■ **Recorded data**:
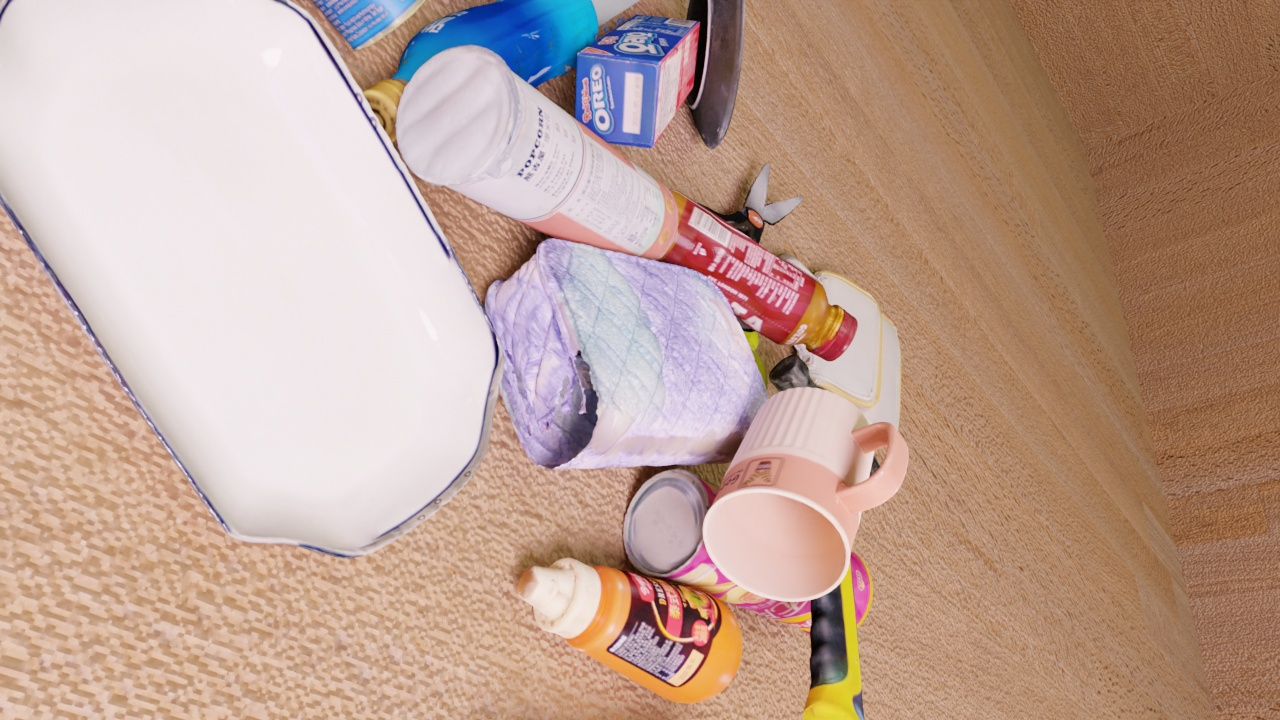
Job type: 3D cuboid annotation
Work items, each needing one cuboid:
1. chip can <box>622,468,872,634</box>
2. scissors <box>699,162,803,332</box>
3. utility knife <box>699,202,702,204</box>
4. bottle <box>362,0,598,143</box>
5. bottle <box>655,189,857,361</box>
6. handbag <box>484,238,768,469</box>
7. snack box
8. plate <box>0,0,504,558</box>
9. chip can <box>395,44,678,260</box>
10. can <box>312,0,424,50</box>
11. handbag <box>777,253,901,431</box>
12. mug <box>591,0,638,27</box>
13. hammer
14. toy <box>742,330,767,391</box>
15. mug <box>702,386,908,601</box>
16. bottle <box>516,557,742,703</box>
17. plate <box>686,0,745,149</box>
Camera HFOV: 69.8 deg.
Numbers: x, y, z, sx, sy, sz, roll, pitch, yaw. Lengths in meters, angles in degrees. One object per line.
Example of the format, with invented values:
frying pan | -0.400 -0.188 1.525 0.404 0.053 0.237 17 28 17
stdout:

■ **Problem to work on**: All of the data is to be reproduced exactly, with the pictures left out.

■ **Problem solution**:
Job type: 3D cuboid annotation
Work items, each needing one cuboid:
1. chip can <box>622,468,872,634</box>
2. scissors <box>699,162,803,332</box>
3. utility knife <box>699,202,702,204</box>
4. bottle <box>362,0,598,143</box>
5. bottle <box>655,189,857,361</box>
6. handbag <box>484,238,768,469</box>
7. snack box
8. plate <box>0,0,504,558</box>
9. chip can <box>395,44,678,260</box>
10. can <box>312,0,424,50</box>
11. handbag <box>777,253,901,431</box>
12. mug <box>591,0,638,27</box>
13. hammer
14. toy <box>742,330,767,391</box>
15. mug <box>702,386,908,601</box>
16. bottle <box>516,557,742,703</box>
17. plate <box>686,0,745,149</box>
Camera HFOV: 69.8 deg.
Numbers: x, y, z, sx, sy, sz, roll, pitch, yaw. Lengths in meters, angles in degrees. One object per line.
Example of the format, with invented values:
frying pan | -0.400 -0.188 1.525 0.404 0.053 0.237 17 28 17
stdout:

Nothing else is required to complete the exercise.